Um recorte necessário: O impacto da violência patrimonial
A violência patrimonial é frequentemente invisibilizada, camuflada sob pretextos de gestão familiar ou dependência financeira. Trata-se de qualquer conduta que configure retenção, subtração, destruição parcial ou total de bens, documentos pessoais, valores e direitos ou recursos econômicos da mulher, inclusive os destinados a satisfazer suas necessidades. É a violência que impede, controla ou restringe o acesso da mulher à sua própria autonomia material.
O art. 7º, inciso IV, da lei Maria da Penha, define:
"Entende-se por violência patrimonial qualquer conduta que configure retenção, subtração, destruição parcial ou total de seus objetos, instrumentos de trabalho, documentos pessoais, bens, valores e direitos ou recursos econômicos, incluindo os destinados a satisfazer suas necessidades."
Essa forma de violência, embora menos visível que as agressões físicas ou psicológicas, é tão devastadora quanto, uma vez que opera diretamente na autonomia e na dignidade da mulher, dificultando sua emancipação e, muitas vezes, impossibilitando a ruptura com outros tipos de abusos.
Violência patrimonial como instrumento de controle e opressão
Ao considerar a dependência econômica como um dos grandes fatores que perpetuam ciclos de violência doméstica, a violência patrimonial revela seu caráter estratégico dentro das dinâmicas abusivas. O agressor, manipulando os recursos da mulher, subtraindo seus bens ou restringindo seu acesso ao trabalho remunerado, cria um ambiente de dominação, onde a vítima se vê aprisionada a um contexto hostil, mas do qual não consegue se desvincular por falta de meios.

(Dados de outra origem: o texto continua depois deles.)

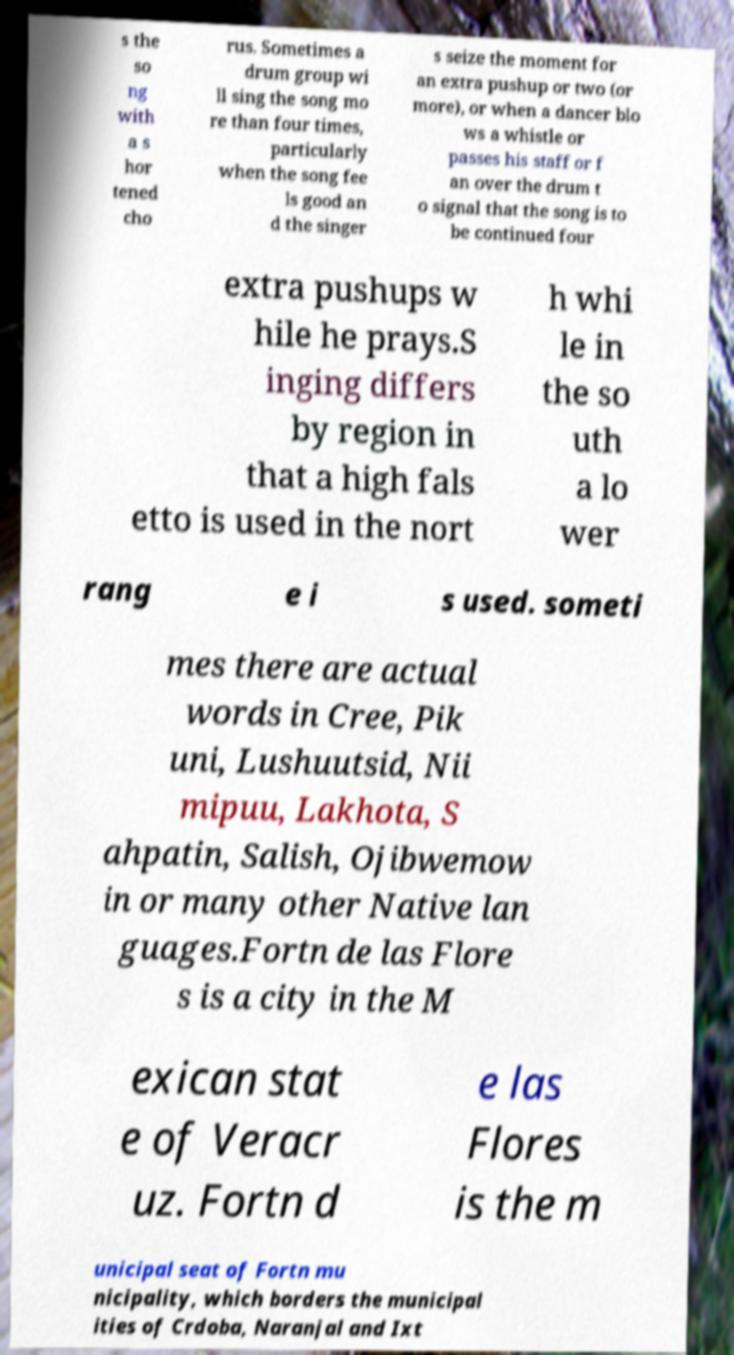Could you assist in decoding the text presented in this image and type it out clearly? s the so ng with a s hor tened cho rus. Sometimes a drum group wi ll sing the song mo re than four times, particularly when the song fee ls good an d the singer s seize the moment for an extra pushup or two (or more), or when a dancer blo ws a whistle or passes his staff or f an over the drum t o signal that the song is to be continued four extra pushups w hile he prays.S inging differs by region in that a high fals etto is used in the nort h whi le in the so uth a lo wer rang e i s used. someti mes there are actual words in Cree, Pik uni, Lushuutsid, Nii mipuu, Lakhota, S ahpatin, Salish, Ojibwemow in or many other Native lan guages.Fortn de las Flore s is a city in the M exican stat e of Veracr uz. Fortn d e las Flores is the m unicipal seat of Fortn mu nicipality, which borders the municipal ities of Crdoba, Naranjal and Ixt

Casos comumente relatados incluem apropriação de salário ou aposentadoria por parte do parceiro, apropriação de bens comuns do casal, como aluguéis de imóveis que pertencem a ambos, ou de heranças, impedimento de acesso a contas bancárias ou cartões de créditos, fazer a vítima contrair empréstimos ou dívidas, proibição de trabalhar, entre outros. Ainda assim, a denúncia dessa violência esbarra em mecanismos de silenciamento e naturalização, muitas vezes reforçados pelo próprio contexto familiar ou social.
A lei Maria da Penha e o enfrentamento jurídico
A lei Maria da Penha é uma das três melhores legislações do mundo no enfrentamento à violência contra a mulher, perdendo apenas para Espanha e Chile. Ela traz mecanismos de proteção e medidas protetivas de urgência que podem e devem ser acionadas também em casos de violência patrimonial. Entre essas medidas, o juiz pode determinar a restituição de bens, o afastamento do agressor do lar, a proibição de venda ou transferência de patrimônio comum, entre outras.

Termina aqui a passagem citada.